Consider a diagonal $N\times N$ matrix $\boldsymbol{H}=\text{diag}(\omega_1,\omega_2, \dots,\omega_N)$ with ordering $\omega_1<\omega_2<\dots<\omega_N$, where the eigenvector $\boldsymbol{t}_1$ corresponding to the smallest eigenvalue $\omega_1$ is known. I want to construct an arrow-head matrix (AHM) $\boldsymbol{M}$, with real entries, as given below from $\boldsymbol{H}$ using the known eigenpair $\{\omega_1,\boldsymbol{t}_1\}$
$ \boldsymbol{M} = \begin{pmatrix} \Omega_1 & c_1 & c_2 & \dots & c_N\\ c_1 & \Omega_2 & 0 & \dots & 0\\ c_2 & 0 & \ddots & 0 & \vdots\\ \vdots & \vdots & 0 & \ddots & 0\\ c_N & 0 & \dots & 0 & \Omega_N\\ \end{pmatrix}, \hspace{0.2cm} c_i\neq0,\forall i$.
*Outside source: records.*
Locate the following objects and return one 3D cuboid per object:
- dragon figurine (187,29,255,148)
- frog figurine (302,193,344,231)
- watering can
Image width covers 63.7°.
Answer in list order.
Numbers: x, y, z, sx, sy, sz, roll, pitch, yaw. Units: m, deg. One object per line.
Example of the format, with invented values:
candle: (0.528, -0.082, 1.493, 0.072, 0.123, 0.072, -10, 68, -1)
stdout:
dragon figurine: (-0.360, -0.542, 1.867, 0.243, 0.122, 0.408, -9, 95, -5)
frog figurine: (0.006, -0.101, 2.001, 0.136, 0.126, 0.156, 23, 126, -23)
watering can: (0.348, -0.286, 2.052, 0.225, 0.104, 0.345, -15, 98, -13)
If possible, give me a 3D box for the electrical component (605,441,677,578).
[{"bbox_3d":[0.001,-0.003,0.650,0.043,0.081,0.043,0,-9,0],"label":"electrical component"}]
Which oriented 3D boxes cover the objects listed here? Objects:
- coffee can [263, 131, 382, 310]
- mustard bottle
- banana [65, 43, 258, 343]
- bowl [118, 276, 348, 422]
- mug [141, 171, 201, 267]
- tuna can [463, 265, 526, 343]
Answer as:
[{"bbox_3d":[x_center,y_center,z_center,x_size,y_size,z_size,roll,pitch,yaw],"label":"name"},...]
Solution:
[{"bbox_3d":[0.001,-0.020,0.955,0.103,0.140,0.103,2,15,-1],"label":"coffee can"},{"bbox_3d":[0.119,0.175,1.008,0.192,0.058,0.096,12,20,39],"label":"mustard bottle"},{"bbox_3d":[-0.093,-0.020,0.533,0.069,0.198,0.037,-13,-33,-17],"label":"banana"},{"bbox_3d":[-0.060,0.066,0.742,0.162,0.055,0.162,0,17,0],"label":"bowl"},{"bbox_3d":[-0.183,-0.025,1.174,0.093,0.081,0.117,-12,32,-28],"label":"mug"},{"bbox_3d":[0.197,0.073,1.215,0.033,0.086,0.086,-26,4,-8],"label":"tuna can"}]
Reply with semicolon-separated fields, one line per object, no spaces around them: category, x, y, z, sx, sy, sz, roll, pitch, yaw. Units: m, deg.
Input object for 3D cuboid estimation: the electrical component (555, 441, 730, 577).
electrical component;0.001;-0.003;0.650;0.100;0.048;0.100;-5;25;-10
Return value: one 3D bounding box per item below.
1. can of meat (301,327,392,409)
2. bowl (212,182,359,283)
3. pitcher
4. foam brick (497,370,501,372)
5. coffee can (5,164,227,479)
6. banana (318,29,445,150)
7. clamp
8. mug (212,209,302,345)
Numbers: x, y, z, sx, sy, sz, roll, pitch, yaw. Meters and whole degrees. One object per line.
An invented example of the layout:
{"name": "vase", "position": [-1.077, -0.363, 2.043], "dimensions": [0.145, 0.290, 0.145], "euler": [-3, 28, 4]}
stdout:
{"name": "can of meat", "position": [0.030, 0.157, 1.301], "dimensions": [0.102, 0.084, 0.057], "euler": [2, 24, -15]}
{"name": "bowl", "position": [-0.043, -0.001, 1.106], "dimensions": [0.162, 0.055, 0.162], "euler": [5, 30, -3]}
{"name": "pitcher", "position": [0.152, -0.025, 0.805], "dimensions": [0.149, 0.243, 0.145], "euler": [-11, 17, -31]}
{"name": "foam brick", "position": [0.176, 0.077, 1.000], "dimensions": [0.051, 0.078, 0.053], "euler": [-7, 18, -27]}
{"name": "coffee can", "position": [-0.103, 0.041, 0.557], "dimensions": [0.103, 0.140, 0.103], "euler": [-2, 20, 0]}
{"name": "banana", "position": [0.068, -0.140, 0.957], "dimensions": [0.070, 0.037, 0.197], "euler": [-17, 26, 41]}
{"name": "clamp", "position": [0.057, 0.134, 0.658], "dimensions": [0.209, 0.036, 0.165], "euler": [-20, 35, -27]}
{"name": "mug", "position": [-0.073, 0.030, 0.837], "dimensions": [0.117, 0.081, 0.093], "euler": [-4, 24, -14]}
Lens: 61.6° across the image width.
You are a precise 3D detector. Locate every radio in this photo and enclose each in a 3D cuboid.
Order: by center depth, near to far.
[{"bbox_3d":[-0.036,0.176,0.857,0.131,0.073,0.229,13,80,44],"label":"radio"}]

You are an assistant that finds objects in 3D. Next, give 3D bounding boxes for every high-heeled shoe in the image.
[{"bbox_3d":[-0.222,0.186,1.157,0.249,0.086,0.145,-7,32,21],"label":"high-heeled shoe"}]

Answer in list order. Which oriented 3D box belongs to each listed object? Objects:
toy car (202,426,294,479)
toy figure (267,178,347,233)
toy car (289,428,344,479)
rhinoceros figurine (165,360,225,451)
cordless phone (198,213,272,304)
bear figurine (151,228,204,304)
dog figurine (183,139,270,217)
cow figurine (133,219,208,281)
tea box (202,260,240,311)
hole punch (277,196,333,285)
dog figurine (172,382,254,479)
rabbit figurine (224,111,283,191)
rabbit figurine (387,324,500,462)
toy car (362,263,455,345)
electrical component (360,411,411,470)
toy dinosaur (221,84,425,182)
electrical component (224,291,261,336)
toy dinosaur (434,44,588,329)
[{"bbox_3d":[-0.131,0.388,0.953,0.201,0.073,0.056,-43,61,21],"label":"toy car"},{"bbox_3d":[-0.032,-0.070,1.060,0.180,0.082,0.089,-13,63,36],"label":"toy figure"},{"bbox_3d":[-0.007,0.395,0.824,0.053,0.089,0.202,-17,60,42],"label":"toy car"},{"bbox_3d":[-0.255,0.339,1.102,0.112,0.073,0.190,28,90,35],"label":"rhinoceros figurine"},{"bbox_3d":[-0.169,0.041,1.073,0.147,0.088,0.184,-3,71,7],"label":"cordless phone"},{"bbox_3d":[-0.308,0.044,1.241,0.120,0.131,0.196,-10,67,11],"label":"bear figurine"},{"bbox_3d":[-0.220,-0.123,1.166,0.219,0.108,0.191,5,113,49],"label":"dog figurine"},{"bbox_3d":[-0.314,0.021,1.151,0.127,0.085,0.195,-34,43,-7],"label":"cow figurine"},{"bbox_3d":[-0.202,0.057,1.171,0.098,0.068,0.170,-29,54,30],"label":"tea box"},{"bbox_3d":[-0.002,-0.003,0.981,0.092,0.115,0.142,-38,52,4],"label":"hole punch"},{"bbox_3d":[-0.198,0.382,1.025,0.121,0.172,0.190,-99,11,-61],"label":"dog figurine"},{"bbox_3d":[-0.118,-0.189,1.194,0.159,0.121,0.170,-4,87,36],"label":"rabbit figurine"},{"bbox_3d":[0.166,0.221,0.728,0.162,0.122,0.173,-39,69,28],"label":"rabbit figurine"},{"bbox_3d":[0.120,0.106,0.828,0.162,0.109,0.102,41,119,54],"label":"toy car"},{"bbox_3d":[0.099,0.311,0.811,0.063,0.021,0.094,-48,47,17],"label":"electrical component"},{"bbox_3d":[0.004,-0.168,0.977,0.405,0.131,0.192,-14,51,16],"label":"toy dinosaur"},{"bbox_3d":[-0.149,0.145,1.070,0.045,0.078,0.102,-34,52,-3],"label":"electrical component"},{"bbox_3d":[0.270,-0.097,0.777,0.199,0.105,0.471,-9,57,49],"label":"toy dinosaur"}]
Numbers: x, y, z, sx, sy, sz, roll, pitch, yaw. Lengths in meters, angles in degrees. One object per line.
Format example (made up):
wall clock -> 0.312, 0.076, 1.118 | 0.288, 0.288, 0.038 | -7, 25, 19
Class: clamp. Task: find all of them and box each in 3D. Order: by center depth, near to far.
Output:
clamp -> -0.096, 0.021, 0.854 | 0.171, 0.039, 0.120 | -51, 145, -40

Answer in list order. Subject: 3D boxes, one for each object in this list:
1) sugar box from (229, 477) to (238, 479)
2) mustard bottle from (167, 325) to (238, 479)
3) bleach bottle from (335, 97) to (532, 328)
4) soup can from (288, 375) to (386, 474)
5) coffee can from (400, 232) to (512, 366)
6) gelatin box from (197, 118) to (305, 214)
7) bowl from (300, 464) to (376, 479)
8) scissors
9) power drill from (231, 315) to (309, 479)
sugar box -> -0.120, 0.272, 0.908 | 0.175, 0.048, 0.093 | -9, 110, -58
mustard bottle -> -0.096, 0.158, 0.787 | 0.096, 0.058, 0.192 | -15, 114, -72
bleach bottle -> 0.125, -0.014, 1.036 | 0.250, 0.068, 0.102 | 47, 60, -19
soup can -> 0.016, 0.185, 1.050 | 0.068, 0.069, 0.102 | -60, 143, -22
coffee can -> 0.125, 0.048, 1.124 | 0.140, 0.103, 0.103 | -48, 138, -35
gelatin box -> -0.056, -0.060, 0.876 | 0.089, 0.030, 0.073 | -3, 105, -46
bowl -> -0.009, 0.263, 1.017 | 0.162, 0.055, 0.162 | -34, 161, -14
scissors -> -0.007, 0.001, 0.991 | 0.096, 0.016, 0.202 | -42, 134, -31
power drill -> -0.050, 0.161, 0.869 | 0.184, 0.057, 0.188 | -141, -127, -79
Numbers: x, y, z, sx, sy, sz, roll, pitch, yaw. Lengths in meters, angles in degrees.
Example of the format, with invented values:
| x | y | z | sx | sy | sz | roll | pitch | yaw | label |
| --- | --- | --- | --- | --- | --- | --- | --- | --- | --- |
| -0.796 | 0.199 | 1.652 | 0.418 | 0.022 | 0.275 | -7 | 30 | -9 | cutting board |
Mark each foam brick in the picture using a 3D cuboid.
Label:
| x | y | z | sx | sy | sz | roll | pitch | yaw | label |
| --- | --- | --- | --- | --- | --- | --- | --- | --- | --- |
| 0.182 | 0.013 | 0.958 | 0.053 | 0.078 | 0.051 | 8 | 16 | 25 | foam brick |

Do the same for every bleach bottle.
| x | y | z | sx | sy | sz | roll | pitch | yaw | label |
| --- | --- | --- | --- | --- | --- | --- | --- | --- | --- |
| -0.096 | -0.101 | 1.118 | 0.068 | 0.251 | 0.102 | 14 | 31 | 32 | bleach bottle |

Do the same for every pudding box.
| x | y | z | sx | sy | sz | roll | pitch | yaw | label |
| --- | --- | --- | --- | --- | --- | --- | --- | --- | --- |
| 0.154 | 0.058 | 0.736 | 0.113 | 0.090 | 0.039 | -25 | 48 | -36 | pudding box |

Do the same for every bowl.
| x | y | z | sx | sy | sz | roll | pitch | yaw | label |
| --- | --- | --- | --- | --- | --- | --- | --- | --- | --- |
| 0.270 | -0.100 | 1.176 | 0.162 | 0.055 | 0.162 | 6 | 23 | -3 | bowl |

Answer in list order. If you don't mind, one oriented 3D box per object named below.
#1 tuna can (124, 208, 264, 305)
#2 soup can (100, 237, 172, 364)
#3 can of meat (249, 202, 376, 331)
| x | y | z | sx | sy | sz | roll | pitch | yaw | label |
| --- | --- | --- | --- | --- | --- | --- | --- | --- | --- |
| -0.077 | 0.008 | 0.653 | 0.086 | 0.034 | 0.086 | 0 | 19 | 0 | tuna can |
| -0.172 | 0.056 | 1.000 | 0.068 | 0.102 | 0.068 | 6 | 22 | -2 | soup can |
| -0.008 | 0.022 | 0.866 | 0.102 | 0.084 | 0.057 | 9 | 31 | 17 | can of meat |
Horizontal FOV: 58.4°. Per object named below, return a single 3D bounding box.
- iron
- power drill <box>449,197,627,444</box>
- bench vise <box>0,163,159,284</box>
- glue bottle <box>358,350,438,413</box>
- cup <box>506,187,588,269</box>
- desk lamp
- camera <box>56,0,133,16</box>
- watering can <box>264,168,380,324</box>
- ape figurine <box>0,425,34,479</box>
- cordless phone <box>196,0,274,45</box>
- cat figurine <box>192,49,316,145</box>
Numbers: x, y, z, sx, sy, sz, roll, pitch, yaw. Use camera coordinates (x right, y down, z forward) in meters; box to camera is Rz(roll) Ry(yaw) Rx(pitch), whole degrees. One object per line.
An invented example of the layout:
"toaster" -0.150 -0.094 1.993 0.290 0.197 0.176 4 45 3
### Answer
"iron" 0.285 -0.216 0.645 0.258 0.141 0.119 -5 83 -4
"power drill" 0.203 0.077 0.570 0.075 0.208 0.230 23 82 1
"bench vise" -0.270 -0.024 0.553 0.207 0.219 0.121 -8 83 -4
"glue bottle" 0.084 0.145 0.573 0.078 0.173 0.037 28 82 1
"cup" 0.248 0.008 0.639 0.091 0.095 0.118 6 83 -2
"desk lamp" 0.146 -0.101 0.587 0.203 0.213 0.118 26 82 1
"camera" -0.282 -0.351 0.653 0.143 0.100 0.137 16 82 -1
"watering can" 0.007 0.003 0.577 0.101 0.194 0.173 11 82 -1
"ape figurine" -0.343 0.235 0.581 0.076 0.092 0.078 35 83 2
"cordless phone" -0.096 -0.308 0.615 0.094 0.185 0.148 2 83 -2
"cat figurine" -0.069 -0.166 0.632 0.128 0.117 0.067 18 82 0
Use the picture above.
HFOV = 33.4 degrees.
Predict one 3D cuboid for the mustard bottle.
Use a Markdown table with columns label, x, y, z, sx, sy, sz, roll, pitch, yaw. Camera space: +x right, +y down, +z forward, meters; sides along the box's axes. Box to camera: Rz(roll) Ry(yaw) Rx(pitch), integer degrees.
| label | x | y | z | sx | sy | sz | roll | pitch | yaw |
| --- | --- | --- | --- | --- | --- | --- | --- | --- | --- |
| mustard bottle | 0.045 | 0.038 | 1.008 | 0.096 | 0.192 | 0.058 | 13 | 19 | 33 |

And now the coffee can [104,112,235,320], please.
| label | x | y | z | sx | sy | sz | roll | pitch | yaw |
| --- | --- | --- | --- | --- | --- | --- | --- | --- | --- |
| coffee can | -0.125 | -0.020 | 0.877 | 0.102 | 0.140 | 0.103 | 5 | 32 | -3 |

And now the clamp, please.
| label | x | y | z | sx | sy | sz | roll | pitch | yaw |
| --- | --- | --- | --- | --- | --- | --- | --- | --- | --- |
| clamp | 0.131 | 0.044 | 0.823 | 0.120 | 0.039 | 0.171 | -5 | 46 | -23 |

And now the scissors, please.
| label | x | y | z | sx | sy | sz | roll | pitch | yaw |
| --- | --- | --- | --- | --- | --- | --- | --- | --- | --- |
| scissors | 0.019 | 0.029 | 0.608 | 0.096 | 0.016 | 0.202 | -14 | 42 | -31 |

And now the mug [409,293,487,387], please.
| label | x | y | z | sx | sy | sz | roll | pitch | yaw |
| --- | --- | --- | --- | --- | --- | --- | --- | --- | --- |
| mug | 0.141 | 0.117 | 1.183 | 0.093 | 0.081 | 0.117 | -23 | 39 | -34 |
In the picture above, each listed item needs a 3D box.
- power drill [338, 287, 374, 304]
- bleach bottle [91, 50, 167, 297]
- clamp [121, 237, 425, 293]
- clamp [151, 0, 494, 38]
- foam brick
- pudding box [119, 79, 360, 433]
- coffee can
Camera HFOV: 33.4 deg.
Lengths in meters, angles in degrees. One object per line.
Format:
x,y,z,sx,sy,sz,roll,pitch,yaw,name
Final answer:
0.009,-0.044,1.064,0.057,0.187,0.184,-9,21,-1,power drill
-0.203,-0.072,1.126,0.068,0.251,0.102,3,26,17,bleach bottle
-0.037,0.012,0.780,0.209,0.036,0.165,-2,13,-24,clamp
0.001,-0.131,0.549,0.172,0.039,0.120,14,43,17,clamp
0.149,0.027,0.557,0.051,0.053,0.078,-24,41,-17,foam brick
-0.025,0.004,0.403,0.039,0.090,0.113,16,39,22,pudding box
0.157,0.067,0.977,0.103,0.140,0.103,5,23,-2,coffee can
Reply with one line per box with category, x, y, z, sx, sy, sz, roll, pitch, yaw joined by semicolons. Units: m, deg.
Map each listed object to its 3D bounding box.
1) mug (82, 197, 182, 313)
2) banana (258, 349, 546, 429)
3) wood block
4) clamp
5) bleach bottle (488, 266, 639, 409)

with elements $c_i$, which are non-zero, but might be positive or negativ. There exists a work of Peng et al.,Linear Algebra and its Applications 416 (2006), 336, who treat such problems for AHM with $c_i>0,\forall i$, but is there a generalization for real $c_i\neq0,\forall i$?